- Motto: Digital Awareness
- Type of project: Cyber Suraksha
- Country: India
- Prime Minister(s): Narendra Modi
- Ministry: Ministry of Home Affairs (India)
- Launched: January 2018; 8 years ago New Delhi
- Budget: ₹782 crore (US$82 million)
- Status: Active
- Website: cybercrime.gov.in/Default.aspx

= Indian Cyber Crime Coordination Centre =

Cyber crime prevention organization in India

The Indian Cyber Crime Coordination Centre (ICCC) (1930; भारतीय साइबर अपराध समन्वय केंद्र) is a government initiative to deal with cybercrime in India, in a coordinated and effective manner. It is affiliated to the Ministry of Home Affairs, Government of India. The scheme was approved in October 2018 with a proposed amount of ₹415.86 crore.

== History ==
The scheme to set up the Indian Cyber Crime Coordination Centre was approved in October 2018 by the Ministry of Home Affairs. It was inaugurated in New Delhi in January 2020 by Amit Shah, the Home Minister of India.

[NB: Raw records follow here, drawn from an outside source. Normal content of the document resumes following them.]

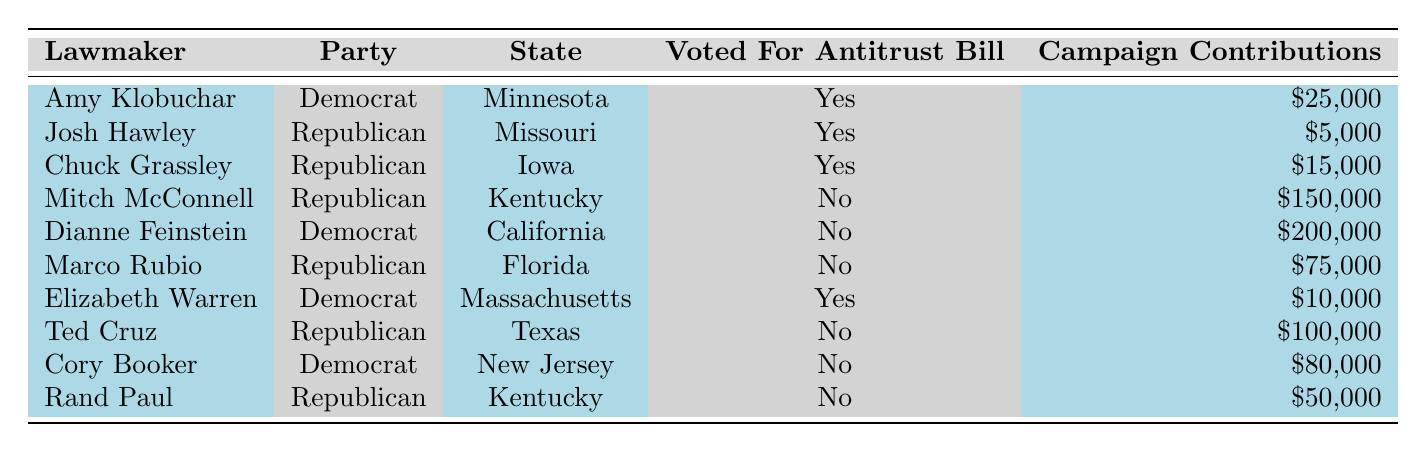What is the total amount of campaign contributions from lawmakers who voted for the antitrust bill? To calculate the total contributions from lawmakers who voted for the bill, identify those lawmakers first: Amy Klobuchar ($25,000), Josh Hawley ($5,000), Chuck Grassley ($15,000), and Elizabeth Warren ($10,000). Add these contributions: 25,000 + 5,000 + 15,000 + 10,000 = 55,000.
Answer: 55,000 How many Republicans voted for the antitrust bill? Review the table for Republican lawmakers and their votes. The Republican lawmakers who voted for the antitrust bill are Josh Hawley and Chuck Grassley. There are two of them.
Answer: 2 What was the maximum campaign contribution received by a lawmaker who opposed the antitrust bill? Look at the contributions of lawmakers who voted against the bill: Mitch McConnell ($150,000), Dianne Feinstein ($200,000), Marco Rubio ($75,000), Ted Cruz ($100,000), and Rand Paul ($50,000). The maximum contribution among these is $200,000 from Dianne Feinstein.
Answer: 200,000 Did Cory Booker vote for the antitrust bill? Check the table for Cory Booker's voting record. He is marked as "No" for voting for the antitrust bill.
Answer: No What is the average campaign contribution of lawmakers who voted against the antitrust bill? Identify the contributions of lawmakers who opposed the bill: Mitch McConnell ($150,000), Dianne Feinstein ($200,000), Marco Rubio ($75,000), Ted Cruz ($100,000), and Rand Paul ($50,000). There are 5 contributions. Calculate the sum: 150,000 + 200,000 + 75,000 + 100,000 + 50,000 = 575,000; divide by 5 to find the average: 575,000 / 5 = 115,000.
Answer: 115,000 How many Democrats voted against the antitrust bill? Look for Democrat lawmakers in the table who voted against the bill. Only Dianne Feinstein and Cory Booker are Democrats that voted "No," making the total 2.
Answer: 2

In June 2020, on the recommendation of I4C, the Government of India banned 59 Chinese origin mobile apps.

In October 2023, Google launched DigiKavach to protect Indian users from online fraud, to work with Indian Cyber Crime Coordination Centre.

== Overview ==
The Indian Cyber Crime Coordination Centre has 7 components:
1. National Cyber Crime Threat Analytics Unit (TAU)
2. National Cyber Crime Reporting Portal
3. National Cyber Crime Training Centre
4. Cyber Crime Ecosystem Management Unit
5. National Cyber Crime Research and Innovation Centre
6. National Cyber Crime Forensic Laboratory (NCFL) Ecosystem
7. Platform for Joint Cyber Crime Investigation Team

== International collaboration ==
A memorandum of understanding (MoU) for collaboration in cybercrime investigation was signed by the United States and India on January 17, 2025. Acting U.S. Deputy Secretary of Homeland Security (DHS) Kristie Canegallo and the Ambassador of India to the United States Vinay Mohan Kwatra signed the deal. The agreement will be implemented by the Homeland Security Investigations Cyber Crimes Center, U.S. Immigration and Customs Enforcement, and Indian Cybercrime Coordination Center.